The Federal Reserve is taking too much time to raise interest rates and reverse the other elements of its easing program, says Stephen Roach, a senior fellow at Yale University.
"America’s Federal Reserve is headed down a familiar — and highly dangerous — path," he writes in an article for Project Syndicate
"Steeped in denial of its past mistakes, the Fed is pursuing the same incremental approach that helped set the stage for the financial crisis of 2008-2009. The consequences could be similarly catastrophic."
In its policy statement last week, the central bank said it would be "patient" in raising rates. Fed Chair Janet Yellen said a rate hike is unlikely before April. The Fed has kept its federal funds rate target at a record low of zero to 0.25 percent for the last six years.

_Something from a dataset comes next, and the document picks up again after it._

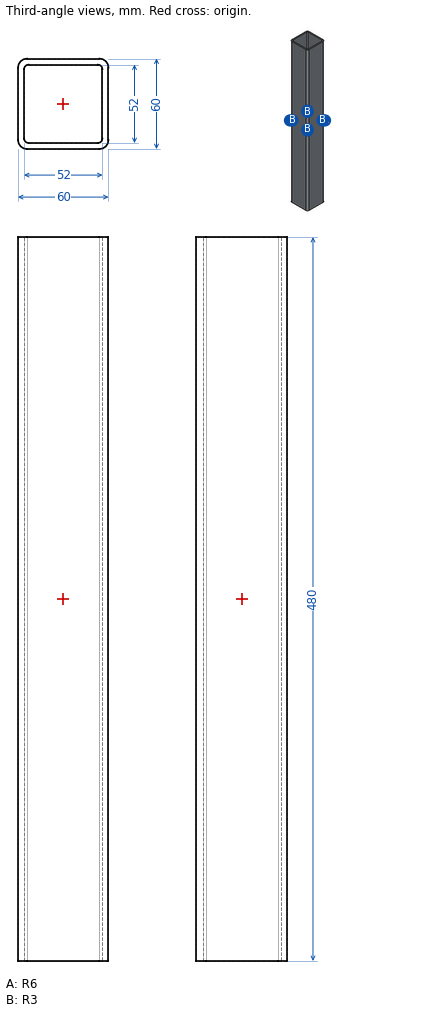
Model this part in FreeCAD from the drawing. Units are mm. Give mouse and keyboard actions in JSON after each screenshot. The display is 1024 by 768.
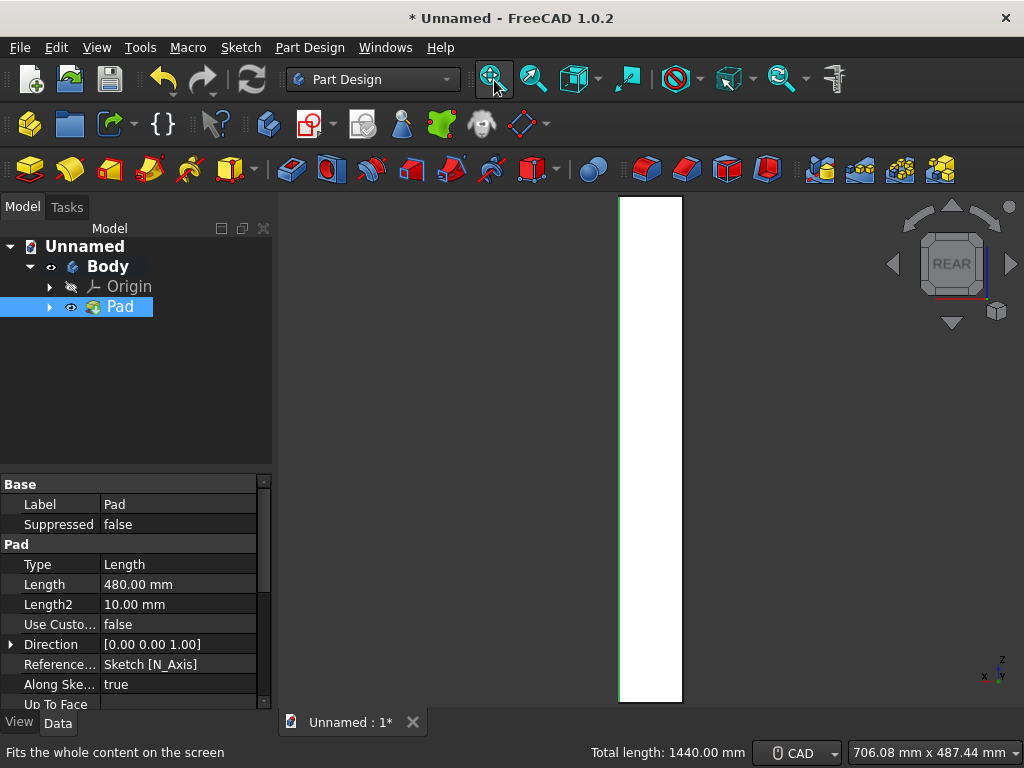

"[Central bank] policy levers . . . remain at their emergency settings, even though the emergency ended long ago. While this approach has succeeded in boosting financial markets, it has failed to cure bruised and battered developed economies," Roach explains.
"Now it is time for the Fed and its counterparts elsewhere to abandon financial engineering and begin marshaling the tools they will need to cope with the inevitable next crisis. With zero interest rates and outsize balance sheets, that is exactly what they are lacking."
Meanwhile, Helena Morrissey, CEO of Newton Investment, says central bank stimulus has made investors overly complacent.
"Investors are extrapolating the past six years, a time when the biggest monetary policy experiment of all time has fuelled a complacent belief in the ability of central banks to do whatever it takes to underpin asset prices," she writes in The Telegraph
Morrissey says "mind-boggling" amounts of quantitative easing have created money "out of thin air to buy financial assets." Investors have "quickly became addicted to the money creation drug."